**Your objective:** Among the lines below, take the one holding "for name, color, linetype, lineweight", the one holding "color=color, linetype=linetype, lineweight=lineweight)", and all lines between them. Set them down exactly.

**Given data:**
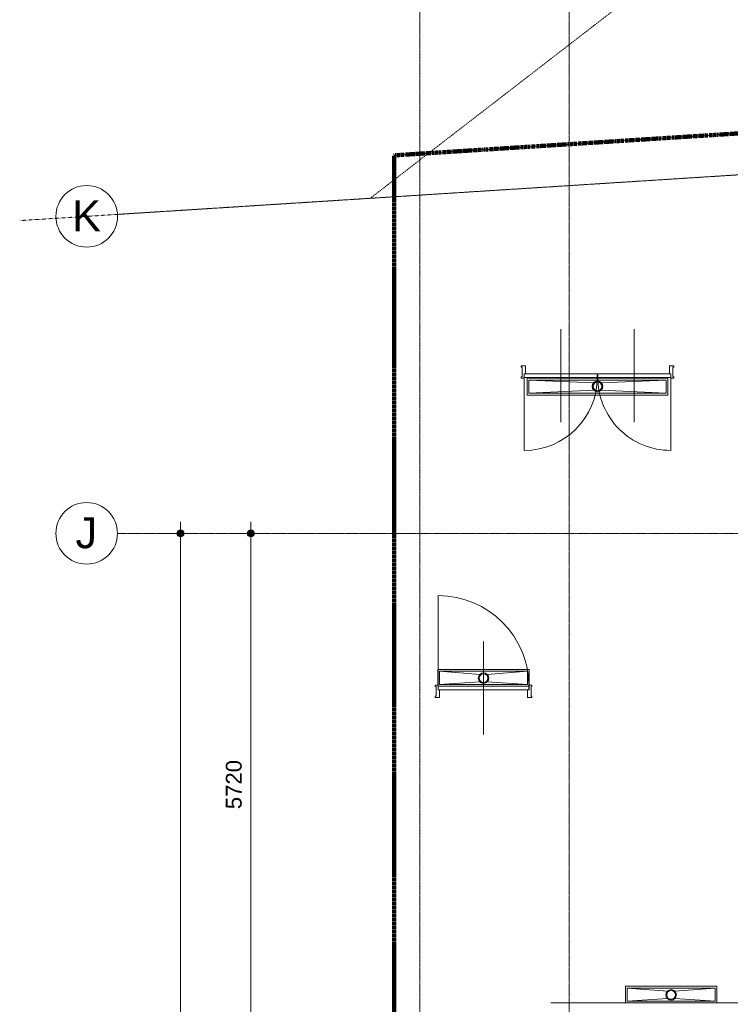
# Model space of a CAD drawing. Header units: millimetres. Extents: x 1158 to 166195, y -7952 to 113498.
# Tile 42 of 50: x 106420 to 114498, y 76496 to 87692. Entities that reach past the tile are written whole.
import ezdxf

# ---------------------------------------------------------------- set-up
doc = ezdxf.new("R2010")
doc.units = ezdxf.units.MM
for name, pattern in [('Afbreeklijn', [9, 5, -2, 0, -2]), ('ARC Dash', [4, 2, -2]), ('ARC Grid Line', [22.225, 12.7, -3.175, 3.175, -3.175])]:
    doc.linetypes.add(name, pattern=pattern)
for name, color, linetype, lineweight in [('A--L$01A__Algemeen', 7, 'Continuous', 9), ('A--L$07A__Stramien', 1, 'Continuous', 13), ('A--L3__Afbouw', 2, 'Continuous', 9), ('A--L74__VasteSanitaireVoorz', 1, 'Continuous', 9), ('A--LD30__DetailPenMiddel', 3, 'Continuous', 9), ('A--M$01A__Algemeen', 1, 'Continuous', 13), ('A--M$01A__Algemeen-100', 1, 'Continuous', 13), ('A--T$01A__Algemeen', 1, 'Continuous', 9), ('A--T$07A__Stramien', 1, 'Continuous', 13)]:
    doc.layers.add(name, color=color, linetype=linetype, lineweight=lineweight)
doc.styles.add('Arial', font='arial.ttf', dxfattribs={"height": 350})
doc.styles.add('Arial_2', font='arial.ttf', dxfattribs={"height": 180})
doc.dimstyles.new('00_ARC_dimension_1_8mm', dxfattribs={"dimscale": 304.8, "dimtxt": 183.646692, "dimasz": 1.049869, "dimexe": 0.426509, "dimexo": 0.0625, "dimgap": 0.164042, "dimtad": 1, "dimdec": 0, "dimzin": 0, "dimdsep": 46, "dimtxsty": 'Arial_2', "dimblk1": 'DOTSMALL', "dimblk2": 'DOTSMALL', "dimsah": 1, "dimcen": 0.09, "dimdle": 0.426509, "dimadec": 3, "dimazin": 0, "dimtfac": 1, "dimtdec": 4, "dimtix": 1, "dimtmove": 0, "dimatfit": 3, "dimfxl": 0.426509, "dimfxlon": 1, "dimtvp": 1, "dimtolj": 1, "dimtzin": 0, "dimarcsym": 2})

# ---------------------------------------------------------------- blocks, each defined once
blk = doc.blocks.new('N_frame_border_rebate_single_brickmold_2sided - jamb_border-2542699-DO-Begane grond - Nieuwe situatie muren 8')
at = {"layer": 'A--L$01A__Algemeen', "lineweight": 15}
for p, q in [((0, 0), (-33, 0)), ((-33, 0), (-33, -52)), ((0, -15), (0, 0)), ((-33, -52), (-50, -52)), ((-50, -52), (-50, -140)), ((-10, -125), (-10, -15)), ((-10, -15), (0, -15)), ((-50, -140), (0, -140)), ((0, -125), (-10, -125)), ((0, -140), (0, -125))]:
    blk.add_line(p, q, dxfattribs=at)
blk = doc.blocks.new('N_frame_border_rebate_single_brickmold_2sided - jamb_border-2542700-DO-Begane grond - Nieuwe situatie muren 8')
at = {"layer": 'A--L$01A__Algemeen', "lineweight": 15}
for p, q in [((0, 140), (-50, 140)), ((-50, 140), (-50, 52)), ((-10, 15), (-10, 125)), ((-10, 125), (0, 125)), ((0, 125), (0, 140)), ((-50, 52), (-33, 52)), ((-33, 52), (-33, 0)), ((-33, 0), (0, 0)), ((0, 15), (-10, 15)), ((0, 0), (0, 15))]:
    blk.add_line(p, q, dxfattribs=at)
blk = doc.blocks.new('N_door_leaf_single_generic - N_door_leaf_single_generic-2543966-DO-Begane grond - Nieuwe situatie muren 8')
at = {"layer": 'A--L3__Afbouw', "lineweight": 15}
for p, q in [((-515, 40), (-515, 0)), ((515, 40), (-515, 40)), ((-515, 0), (515, 0)), ((515, 0), (515, 40))]:
    blk.add_line(p, q, dxfattribs=at)
blk = doc.blocks.new('N_operation - N_operation-2543643-DO-Begane grond - Nieuwe situatie muren 8')
at = {"layer": 'A--L$01A__Algemeen'}
blk.add_line((-515, 20), (-515, 1050), dxfattribs=at)
blk.add_arc((-515, 20), 1030, 360, 90, dxfattribs=at)
blk = doc.blocks.new('N_door_leaf_single_generic - N_door_leaf_single_generic-2661563-DO-Begane grond - Nieuwe situatie muren 8')
at = {"layer": 'A--L3__Afbouw', "lineweight": 15}
for p, q in [((-415, 40), (-415, 0)), ((415, 40), (-415, 40)), ((-415, 0), (415, 0)), ((415, 0), (415, 40))]:
    blk.add_line(p, q, dxfattribs=at)
blk = doc.blocks.new('N_door_leaf_single_generic - N_door_leaf_single_generic-2661583-DO-Begane grond - Nieuwe situatie muren 8')
at = {"layer": 'A--L3__Afbouw', "lineweight": 15}
for p, q in [((-415, 40), (-415, 0)), ((415, 40), (-415, 40)), ((-415, 0), (415, 0)), ((415, 0), (415, 40))]:
    blk.add_line(p, q, dxfattribs=at)
blk = doc.blocks.new('N_operation - N_operation-2661573-DO-Begane grond - Nieuwe situatie muren 8')
at = {"layer": 'A--L$01A__Algemeen'}
blk.add_line((-415, 20), (-415, 850), dxfattribs=at)
blk.add_arc((-415, 20), 830, 360, 90, dxfattribs=at)
blk = doc.blocks.new('N_operation - N_operation-2661593-DO-Begane grond - Nieuwe situatie muren 8')
at = {"layer": 'A--L$01A__Algemeen'}
blk.add_line((415, 20), (415, 850), dxfattribs=at)
blk.add_arc((415, 20), 830, 90, 180, dxfattribs=at)
blk = doc.blocks.new('52_PF_FB_ARC_Gutter_Maatmerk - Maatwerk_ROOSTERTYPE_w_190-2564746-DO-Begane grond - Nieuwe situatie muren 8')
at = {"layer": 'A--L$01A__Algemeen'}
for p, q in [((-42, 45), (-780, 75)), ((-780, -75), (-780, 75)), ((-780, 75), (780, 75)), ((42, 45), (780, 75)), ((780, 75), (780, -75)), ((-780, -75), (-42, -40)), ((780, -75), (-780, -75)), ((780, -75), (42, -40))]:
    blk.add_line(p, q, dxfattribs=at)
for radius in [60, 50]:
    blk.add_circle((0, 3), radius, dxfattribs=at)
at = {"layer": 'A--L74__VasteSanitaireVoorz'}
for p, q in [((800, 95), (-800, 95)), ((-800, 95), (-800, -95)), ((780, 75), (-780, 75)), ((-780, 75), (-780, -75)), ((-780, 75), (780, 75)), ((-780, -75), (-780, 75)), ((780, -75), (780, 75)), ((780, 75), (780, -75)), ((800, -95), (800, 95)), ((-800, -95), (800, -95)), ((-780, -75), (780, -75)), ((780, -75), (-780, -75))]:
    blk.add_line(p, q, dxfattribs=at)
for radius, start, end in [(60, 0, 180), (60, 180, 360), (50, 0, 180), (50, 135, 180), (50, 180, 360), (50, 180, 300), (50, 60, 120), (50, 315, 360), (50, 0, 30)]:
    blk.add_arc((0, 3), radius, start, end, dxfattribs=at)
blk = doc.blocks.new('52_PF_FB_ARC_Gutter1 - 1000x150_plaatrooster-2566739-DO-Begane grond - Nieuwe situatie muren 8')
at = {"layer": 'A--L$01A__Algemeen'}
for p, q in [((-42, 45), (-500, 75)), ((-500, -75), (-500, 75)), ((-500, 75), (500, 75)), ((42, 45), (500, 75)), ((500, 75), (500, -75)), ((-500, -75), (-42, -40)), ((500, -75), (-500, -75)), ((500, -75), (42, -40))]:
    blk.add_line(p, q, dxfattribs=at)
for radius in [60, 50]:
    blk.add_circle((0, 3), radius, dxfattribs=at)
at = {"layer": 'A--L74__VasteSanitaireVoorz'}
for p, q in [((-520, 85), (-520, -95)), ((500, 75), (-500, 75)), ((-500, 75), (-500, -75)), ((-500, 75), (500, 75)), ((-500, -75), (-500, 75)), ((500, -75), (500, 75)), ((500, 75), (500, -75)), ((520, -95), (520, 85)), ((-520, -95), (520, -95)), ((-500, -75), (500, -75)), ((500, -75), (-500, -75))]:
    blk.add_line(p, q, dxfattribs=at)
for radius, start, end in [(60, 0, 180), (60, 180, 360), (50, 0, 180), (50, 45, 180), (50, 180, 360), (50, 180, 360), (50, 0, 30)]:
    blk.add_arc((0, 3), radius, start, end, dxfattribs=at)
blk = doc.blocks.new('52_PF_FB_ARC_Gutter1 - 1000x150_plaatrooster-V57-DO-Begane grond - Nieuwe situatie muren 8')
at = {"layer": 'A--L$01A__Algemeen'}
for p, q in [((-42, 45), (-500, 75)), ((-500, -75), (-500, 75)), ((-500, 75), (500, 75)), ((42, 45), (500, 75)), ((500, 75), (500, -75)), ((-500, -75), (-42, -40)), ((500, -75), (-500, -75)), ((500, -75), (42, -40))]:
    blk.add_line(p, q, dxfattribs=at)
for radius in [60, 50]:
    blk.add_circle((0, 3), radius, dxfattribs=at)
at = {"layer": 'A--L74__VasteSanitaireVoorz'}
for p, q in [((520, 95), (-520, 95)), ((-520, 95), (-520, -95)), ((500, 75), (-500, 75)), ((-500, 75), (-500, -75)), ((-500, 75), (500, 75)), ((-500, -75), (-500, 75)), ((500, -75), (500, 75)), ((500, 75), (500, -75)), ((520, -95), (520, 95)), ((-520, -95), (520, -95)), ((-500, -75), (500, -75)), ((500, -75), (-500, -75))]:
    blk.add_line(p, q, dxfattribs=at)
for radius, start, end in [(60, 0, 180), (60, 180, 360), (50, 0, 180), (50, 45, 180), (50, 180, 360), (50, 180, 360), (50, 0, 30)]:
    blk.add_arc((0, 3), radius, start, end, dxfattribs=at)
blk = doc.blocks.new('Grid - 3_5mm-18301-DO-Begane grond - Nieuwe situatie muren 8')
at = {"layer": 'A--T$07A__Stramien'}
blk.add_circle((0, 0), 3.5, dxfattribs=at)
blk = doc.blocks.new('DIMBLOCK8-DO-Begane grond - Nieuwe situatie muren 8')
at = {"layer": 'A--M$01A__Algemeen-100'}
h = blk.add_hatch(color=256, dxfattribs=at)
edge = h.paths.add_edge_path()
edge.add_arc((109047, 81851), 40, 0, 360)
h = blk.add_hatch(color=256, dxfattribs=at)
edge = h.paths.add_edge_path()
edge.add_arc((109047, 76131), 40, 0, 360)
for p, q in [((109047, 76131), (109047, 81981)), ((109047, 81851), (108917, 81851)), ((109047, 81851), (109177, 81851)), ((109047, 76131), (108917, 76131)), ((109047, 76131), (109177, 76131))]:
    blk.add_line(p, q, dxfattribs=at)
for centre in [(109047, 81851), (109047, 76131)]:
    blk.add_circle(centre, 40, dxfattribs=at)
at = {"layer": 'A--M$01A__Algemeen-100', "color": 0, "insert": (108763, 78715), "char_height": 180, "width": 664.52, "attachment_point": 1, "rotation": 90, "line_spacing_factor": 0.941778, "style": 'Arial_2'}
blk.add_mtext('5720', dxfattribs=at)
blk = doc.blocks.new('_DotSmall')
at = {"color": 0, "linetype": 'ByBlock', "const_width": 0.5}
blk.add_lwpolyline([(-0.0625, 0, 1), (0.0625, 0, 1)], format="xyb", close=True, dxfattribs=at)
blk = doc.blocks.new('DIMBLOCK9-DO-Begane grond - Nieuwe situatie muren 8')
at = {"layer": 'A--M$01A__Algemeen-100'}
h = blk.add_hatch(color=256, dxfattribs=at)
edge = h.paths.add_edge_path()
edge.add_arc((108247, 81851), 40, 0, 360)
h = blk.add_hatch(color=256, dxfattribs=at)
edge = h.paths.add_edge_path()
edge.add_arc((108247, 44060), 40, 0, 360)
for p, q in [((108247, 43930), (108247, 81981)), ((108247, 81851), (108117, 81851)), ((108247, 81851), (108377, 81851)), ((108247, 44060), (108117, 44060)), ((108247, 44060), (108377, 44060))]:
    blk.add_line(p, q, dxfattribs=at)
for centre in [(108247, 81851), (108247, 44060)]:
    blk.add_circle(centre, 40, dxfattribs=at)
at = {"layer": 'A--M$01A__Algemeen-100', "color": 0, "insert": (107963, 62610), "char_height": 180, "width": 830.65, "attachment_point": 1, "rotation": 90, "line_spacing_factor": 0.941778, "style": 'Arial_2'}
blk.add_mtext('37791', dxfattribs=at)

msp = doc.modelspace()

# ---------------------------------------------------------------- linework, layer by layer
at = {"layer": 'A--L$07A__Stramien', "linetype": 'ARC Grid Line'}
for p, q in [((110968.2, 95686.5), (110968.2, 39742)), ((112666.2, 95686.5), (112666.2, 39742)), ((152598.6, 88349.7), (107530.8, 85478.1)), ((152686.9, 81851.4), (107530.8, 81851.4))]:
    msp.add_line(p, q, dxfattribs=at)
at = {"layer": 'A--LD30__DetailPenMiddel', "linetype": 'ARC Dash'}
for p, q in [((110404.6, 85661), (146450.2, 113497.7)), ((106419.6, 85407.5), (110404.6, 85661))]:
    msp.add_line(p, q, dxfattribs=at)
at = {"layer": 'A--LD30__DetailPenMiddel', "linetype": 'Afbreeklijn', "lineweight": 100}
for p, q in [((110678.2, 86149.6), (122596.2, 86909)), ((110678.2, 76111.4), (110678.2, 86149.6))]:
    msp.add_line(p, q, dxfattribs=at)
at = {"layer": 'A--LD30__DetailPenMiddel'}
for p, q in [((110928.2, 85694.6), (119117.1, 86216.4)), ((136982.2, 76511.4), (112456.2, 76511.4))]:
    msp.add_line(p, q, dxfattribs=at)
at = {"layer": 'A--T$01A__Algemeen', "lineweight": 13}
for p, q in [((112571.2, 84174.4), (112571.2, 83114.4)), ((113406.2, 84174.4), (113406.2, 83114.4)), ((111693.2, 79563.4), (111693.2, 80623.4))]:
    msp.add_line(p, q, dxfattribs=at)

# ---------------------------------------------------------------- block references
at = {"layer": 'A--L$01A__Algemeen', "rotation": 180}
for name, p in [('N_frame_border_rebate_single_brickmold_2sided - jamb_border-2542699-DO-Begane grond - Nieuwe situatie muren 8', (112121.2, 83614.4)), ('N_operation - N_operation-2661593-DO-Begane grond - Nieuwe situatie muren 8', (112571.2, 83644.4)), ('N_operation - N_operation-2661573-DO-Begane grond - Nieuwe situatie muren 8', (113406.2, 83644.4)), ('N_frame_border_rebate_single_brickmold_2sided - jamb_border-2542700-DO-Begane grond - Nieuwe situatie muren 8', (111143.2, 80123.4))]:
    msp.add_blockref(name, p, dxfattribs=at)
at = {"layer": 'A--L$01A__Algemeen'}
for name, p in [('N_frame_border_rebate_single_brickmold_2sided - jamb_border-2542700-DO-Begane grond - Nieuwe situatie muren 8', (113856.2, 83614.4)), ('N_operation - N_operation-2543643-DO-Begane grond - Nieuwe situatie muren 8', (111693.2, 80093.4)), ('N_frame_border_rebate_single_brickmold_2sided - jamb_border-2542699-DO-Begane grond - Nieuwe situatie muren 8', (112243.2, 80123.4))]:
    msp.add_blockref(name, p, dxfattribs=at)
at = {"layer": 'A--L3__Afbouw', "rotation": 180}
for name, p in [('N_door_leaf_single_generic - N_door_leaf_single_generic-2661583-DO-Begane grond - Nieuwe situatie muren 8', (112571.2, 83664.4)), ('N_door_leaf_single_generic - N_door_leaf_single_generic-2661563-DO-Begane grond - Nieuwe situatie muren 8', (113406.2, 83664.4))]:
    msp.add_blockref(name, p, dxfattribs=at)
at = {"layer": 'A--L3__Afbouw'}
msp.add_blockref('N_door_leaf_single_generic - N_door_leaf_single_generic-2543966-DO-Begane grond - Nieuwe situatie muren 8', (111693.2, 80073.4), dxfattribs=at)
at = {"layer": 'A--L74__VasteSanitaireVoorz'}
msp.add_blockref('52_PF_FB_ARC_Gutter_Maatmerk - Maatwerk_ROOSTERTYPE_w_190-2564746-DO-Begane grond - Nieuwe situatie muren 8', (112988.7, 83519.4), dxfattribs=at)
at = {"layer": 'A--L74__VasteSanitaireVoorz', "rotation": 180}
for name, p in [('52_PF_FB_ARC_Gutter1 - 1000x150_plaatrooster-2566739-DO-Begane grond - Nieuwe situatie muren 8', (111693.2, 80208.4)), ('52_PF_FB_ARC_Gutter1 - 1000x150_plaatrooster-V57-DO-Begane grond - Nieuwe situatie muren 8', (113825.2, 76606.4))]:
    msp.add_blockref(name, p, dxfattribs=at)
at = {"layer": 'A--T$07A__Stramien', "xscale": 99.99999999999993, "yscale": 99.99999999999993, "zscale": 99.99999999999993}
for p, rotation in [((107181.5, 85455.9), 93.64571658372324), ((107180.8, 81851.4), 89.99999999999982)]:
    msp.add_blockref('Grid - 3_5mm-18301-DO-Begane grond - Nieuwe situatie muren 8', p, dxfattribs=dict(at, rotation=rotation))

# ---------------------------------------------------------------- texts
at = {"layer": 'A--T$07A__Stramien', "char_height": 350, "attachment_point": 1, "style": 'Arial'}
for s, insert, width in [('K', (107015.6, 85637.2), 400.844), ('J', (107054.4, 82032.6), 304.641)]:
    msp.add_mtext(s, dxfattribs=dict(at, insert=insert, width=width))

# ---------------------------------------------------------------- dimensions: what is measured, and where the dimension line sits
at = {"layer": 'A--M$01A__Algemeen'}
for base, p1, p2, override, picture, middle in [((108246.9, 81851.4), (108116.9, 44060.4), (108116.9, 81851.4), {"dimpost": '<>', "dimfxl": 37791}, 'DIMBLOCK9-DO-Begane grond - Nieuwe situatie muren 8', (108105, 62955.9)), ((109046.9, 81851.4), (108916.9, 76131.4), (108916.9, 81851.4), {"dimpost": '<>', "dimfxl": 5720}, 'DIMBLOCK8-DO-Begane grond - Nieuwe situatie muren 8', (108905, 78991.4))]:
    dim = msp.add_linear_dim(base=base, p1=p1, p2=p2, angle=90, dimstyle='00_ARC_dimension_1_8mm', override=override, dxfattribs=at)
    dim.commit()
    dim.dimension.update_dxf_attribs({"geometry": picture, "text_midpoint": middle})

doc.saveas('drawing.dxf')

**Solution to the exercise:**
for name, color, linetype, lineweight in [('A--L$01A__Algemeen', 7, 'Continuous', 9), ('A--L$07A__Stramien', 1, 'Continuous', 13), ('A--L3__Afbouw', 2, 'Continuous', 9), ('A--L74__VasteSanitaireVoorz', 1, 'Continuous', 9), ('A--LD30__DetailPenMiddel', 3, 'Continuous', 9), ('A--M$01A__Algemeen', 1, 'Continuous', 13), ('A--M$01A__Algemeen-100', 1, 'Continuous', 13), ('A--T$01A__Algemeen', 1, 'Continuous', 9), ('A--T$07A__Stramien', 1, 'Continuous', 13)]:
    doc.layers.add(name, color=color, linetype=linetype, lineweight=lineweight)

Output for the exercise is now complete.